Conference Coverage

Cangrelor offers advantages for antiplatelet management in PCI




PARIS – Parenteral cangrelor is a potent antiplatelet agent that provides similar anti-ischemic effects but a significantly lower risk of major bleeding than the popular combination of clopidogrel plus a glycoprotein IIb/IIIa inhibitor in patients undergoing elective or urgent percutaneous coronary intervention.

Moreover, cangrelor (Kengreal), a rapid-acting and reversible intravenous platelet P2Y12 inhibitor, cuts the blood transfusion requirement by more than half, Dr. Muthiah Vaduganathan reported at the annual congress of the European Association of Percutaneous Cardiovascular Interventions.

Dr. Muthiah Vaduganathan Bruce Jancin/Frontline Medical News

Dr. Muthiah Vaduganathan

These findings, based upon a propensity score–matched exploratory pooled analysis of individual patient-level data from the three phase III CHAMPION trials, suggest that cangrelor alone is an attractive alternative to clopidogrel plus a glycoprotein IIb/IIIa inhibitor (GPI) for antiplatelet management in percutaneous coronary intervention (PCI), according to Dr. Vaduganathan of Brigham and Women’s Hospital, Boston.

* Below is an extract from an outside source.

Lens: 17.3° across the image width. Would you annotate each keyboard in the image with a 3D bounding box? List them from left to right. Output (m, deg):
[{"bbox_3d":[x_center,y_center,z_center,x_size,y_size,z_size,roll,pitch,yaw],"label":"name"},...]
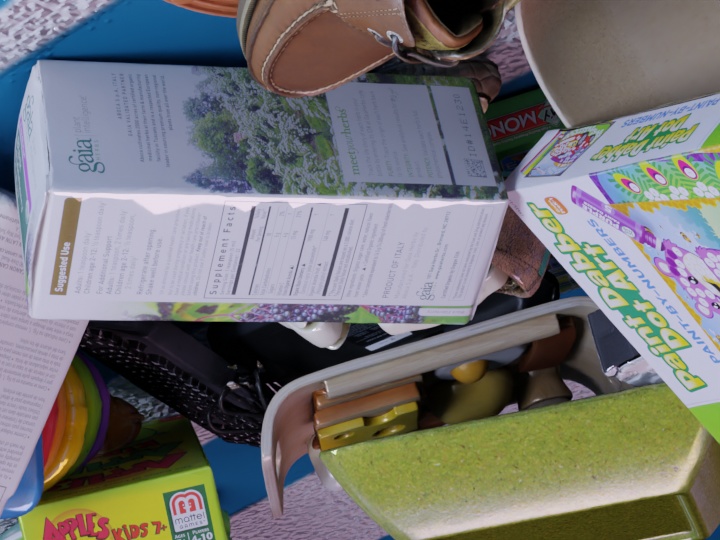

CHAMPION PLATFORM (N Engl J Med 2009 Dec 10;361[24]:2330-41), CHAMPION PCI (N Engl J Med 2009 Dec 10;361[24]:2318-29), and CHAMPION PHOENIX (N Engl J Med 2013 Apr 11;368[14]:1303-13) collectively included nearly 25,000 patients randomized to cangrelor versus standard therapy for platelet inhibition in elective or urgent PCI. The trials, which established that cangrelor led to fewer ischemic complications within 30 days post PCI than did clopidogrel plus a GPI, led to Food and Drug Administration approval of the drug in 2015. Cangrelor is also approved in Europe.

The cangrelor and clopidogrel groups differed in terms of baseline bleeding risk. For example, the clopidogrel-treated patients were younger, more likely to be male, had fewer comorbid conditions, and more often presented with an acute coronary syndrome. In order to accurately assess the bleeding risk associated with the two antiplatelet strategies, Dr. Vaduganathan and coinvestigators engaged in propensity score matching on the basis of 16 baseline clinical variables. They identified two closely matched cohorts consisting of 1,021 patient pairs.

The 1,021 patients in the cangrelor-alone group had a 2.6% rate of the primary composite efficacy endpoint consisting of all-cause mortality, MI, ischemia-driven revascularization, or stent thrombosis at 48 hours. Although this was 21% lower than the 3.3% rate in the clopidogrel plus GPI group, the difference didn’t achieve statistical significance because of the relatively small sample size.

In contrast, the rate of major bleeding within 48 hours by ACUITY (Acute Catheterization and Urgent Intervention Triage) criteria did differ significantly between the two groups: 3.6% with cangrelor and 5.8% with clopidogrel plus a GPI, for a 39% relative risk reduction in favor of the newer agent. Major bleeding rates were also lower in the cangrelor-treated patients on the GUSTO (Global Utilization of Streptokinase and TPA for Occluded Coronary Arteries) and TIMI (Thrombolysis in Myocardial Infarction) scales, although those trends didn’t achieve significance. The blood transfusion requirement was significantly lower in the cangrelor group: 1% versus 2.1%, for a 55% relative risk reduction.

Dr. Vaduganathan said the CHAMPION investigators’ future plans include examining the possibility of a favorable pharmacologic interaction between cangrelor and bivalirudin, a combination seeing increasing use in the United States.

“Finally, I think it’ll be important moving forward to look at comparative effectiveness data – either observational or randomized – as well as cost-effectiveness data between potent parenteral antiplatelet strategies,” he concluded.

Session chair Dr. Anthony Gershlick of Glenfield General Hospital in Leicester, England, commented that while he found this analysis of the CHAMPION data quite interesting, they are of little relevance in Europe, where cardiologists seldom use GPIs as part of their up-front PCI management strategy, instead resorting to those agents mainly as bailout therapy.

The U.S. situation is very different, according to Dr. Vaduganathan. American cardiologists use GPI therapy in about one-third of PCIs.

The CHAMPION trials were funded by the Medicines Co. Dr. Vaduganathan reported having no relevant financial conflicts.